Lacqueur's history traces this unique movement. It's success was very fragile; the many decisions from world leaders could have gone much differently if made a few years sooner or later. Jews did not initially support it broadly; many prefered assimilation to their country of birth and some felt that the growing socialist movement provided a better answer to anti-Semitism. Even within the Zionist movement political infighting was strong.

Yet the worst fears of those seeking a refuge from growing European anti-Semitism did not forsee the scope of the Holocaust, exterminating 6 out of 7 Jews in Europe. This emboldened the survivors and motivated just barely enough world sympathy to formulate the creation of the Jewish state.

The reaction of the Arabs was neither surprising or unique in the course of developing nations.

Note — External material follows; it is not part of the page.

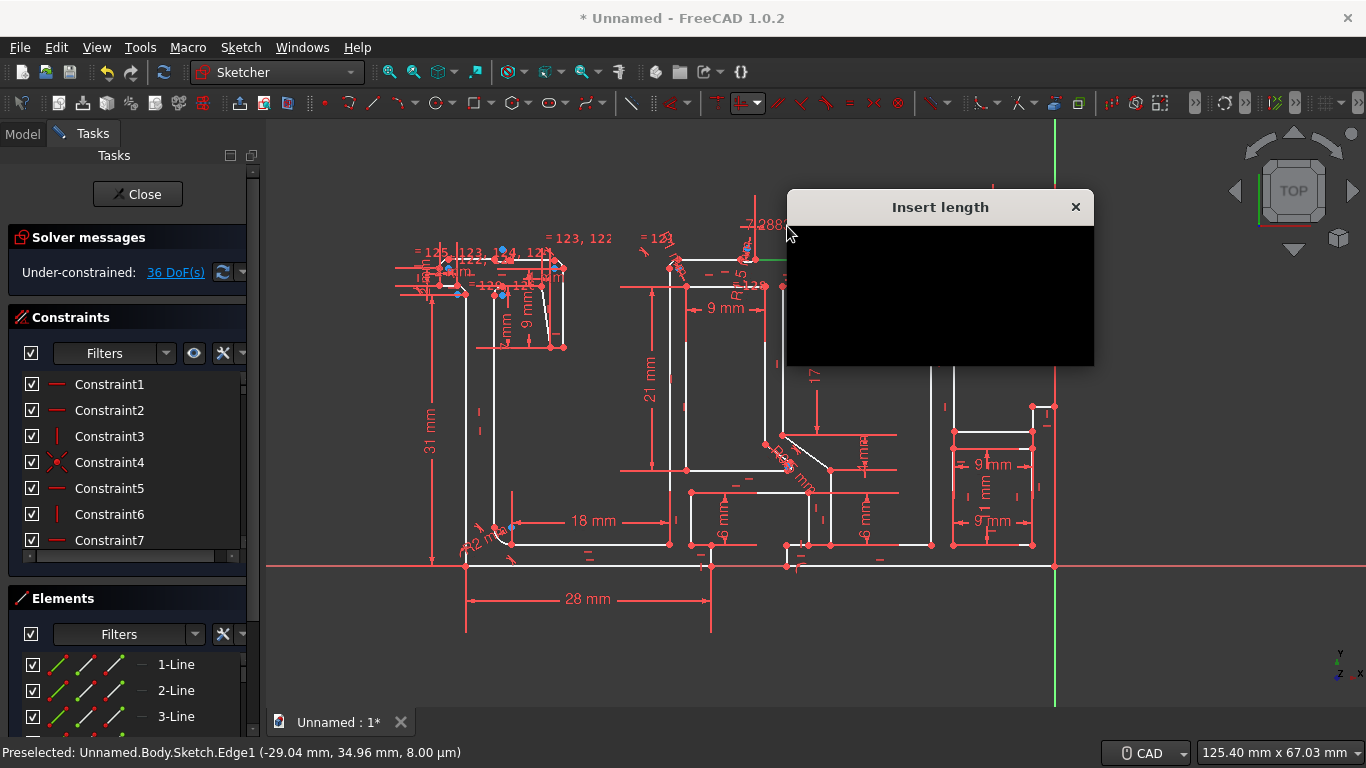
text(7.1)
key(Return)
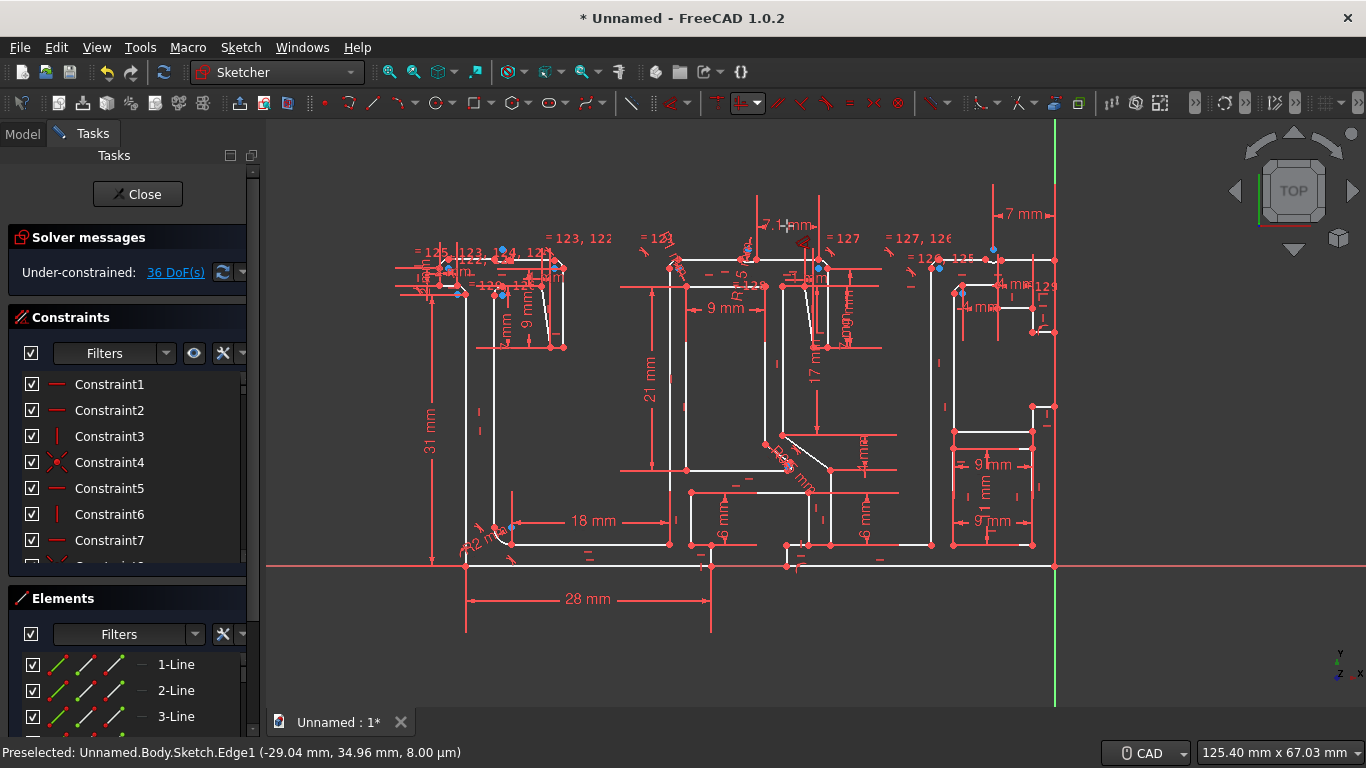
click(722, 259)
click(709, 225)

Lacqueur has the advantage of hindsight to examine policy mistakes and examine how it could have been different, but concludes the difficulty would have remained regardless.

This examination shows Zionism not as a righteous holy ordained movement, nor is it a an evil racist colonial movement as the modern Arab media prefers to portray it. It was a politically and diplomatically unique solution to a very serious and unique problem.

That the success of the Zionist enterprise has not yet yielded the peace they so desperately seek, makes this work only an introduction, but a valuable source to those seeking to understand the volatile Middle Middle East of the 21st century. There are many more chapters to be written.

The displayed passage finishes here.